SimpleMachines / SMF

Simple Machines Forum — SMF in short — is free and open-source community forum software, delivering professional grade features in a package that allows you to set up your own online community within minutes!
https://www.simplemachines.org/
Other
583 stars 250 forks source link

[2.1 & 3.0]: Email 7-bit format is not checking for 1000 byte limits #8288

Open sbulen opened 2 months ago

sbulen commented 2 months ago

Basic Information

In the sendmail/mimespecialchars routines, there is no check for a character limit.

I believe the 7-bit format has a 1000 byte limit that should be honored. https://stackoverflow.com/questions/25710599/content-transfer-encoding-7bit-or-8-bit

I suspect this may be causing the "Message has lines too long for transport" error reported in the forum. https://www.simplemachines.org/community/index.php?topic=589251.0

Steps to reproduce

Tricky to reproduce... My host appears to simply strip the 7-bit portion from the email & use the utf8 portion.

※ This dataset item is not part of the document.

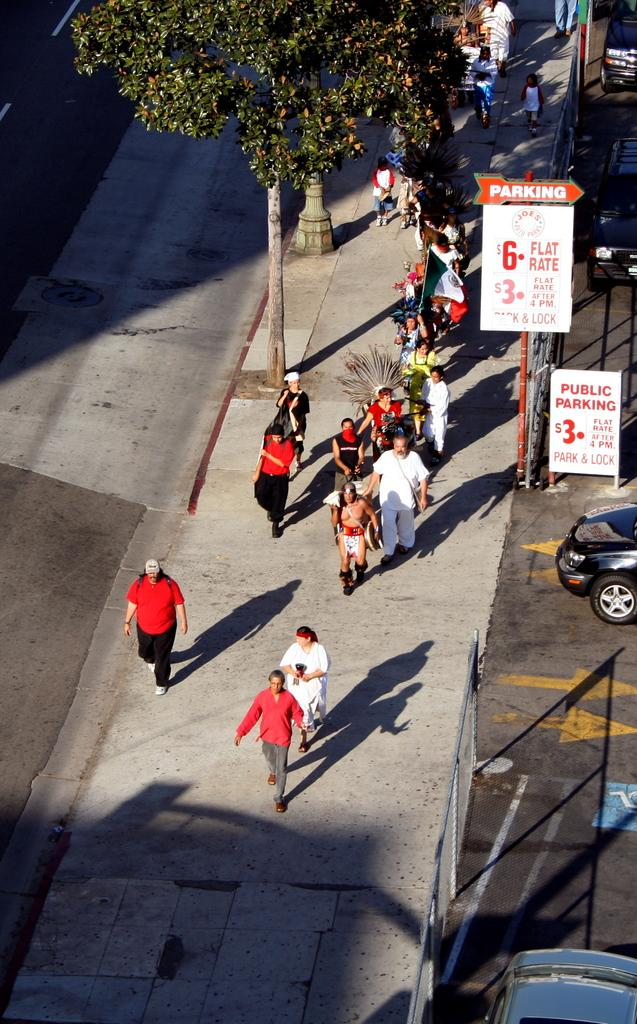How many people are in the image? There is a group of people in the image. What are the people doing in the image? The people are walking on the ground. What natural element can be seen in the image? There is a tree in the image. What type of man-made objects are visible in the image? There are cars on the road in the image. What type of alarm can be heard going off in the image? There is no alarm present in the image, and therefore no sound can be heard.

User reports getting it when flagging a post as a forum announcement, to trigger an email. Some emails are delivered, some get undeliverable replies with the "Message has lines too long for transport" message.

What is easy to reproduce is to see that SMF's sendmail produces lines longer than 1000 bytes...

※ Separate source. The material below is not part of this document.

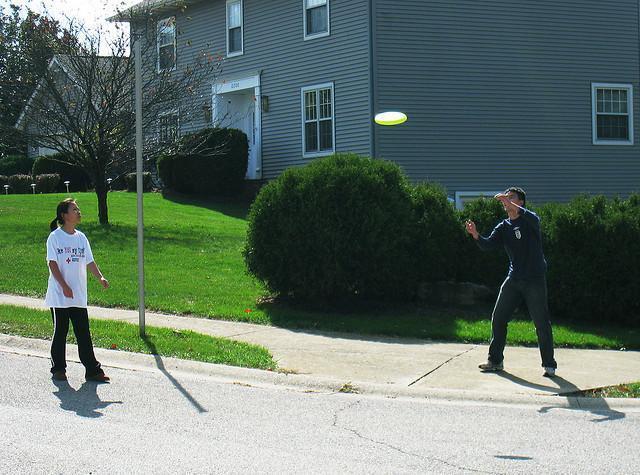How many people are there?
Give a very brief answer. 2. How many kites are in the sky?
Give a very brief answer. 0.

E.g., this 198-character line in Ukranian: Восени 2020-го року, я вирішив, що технічно формат проекту не відповідає вимогам часу. Тому рішуче почав перебудовувати сайт на новий движок - WordPress. Планувалось, та й так і сталося, що найбільш

Becomes this 1080 byte line in the 7bit chunk of an SMF email body: Восени 2020-го року, я вирішив, що технічно формат проекту не відповідає вимогам часу. Тому рішуче почав перебудовувати сайт на новий движок - WordPress. Планувалось, та й так і сталося, що найбільш

As a result, the 1000 byte limitation is much tougher on languages with multibyte characters.

Expected result

No response

Actual result

No response

Version/Git revision

2.1.4

Database Engine

MySQL

Database Version

8.4

PHP Version

8.3.8

Logs

Additional Information

Lots of details in this thread: https://www.simplemachines.org/community/index.php?topic=589251.0

sbulen commented 2 months ago

I wonder if we should abandon the 7-bit representation altogether, and just keep the utf8 one.

Otherwise we must insert linebreaks into the source text, which would be ugly...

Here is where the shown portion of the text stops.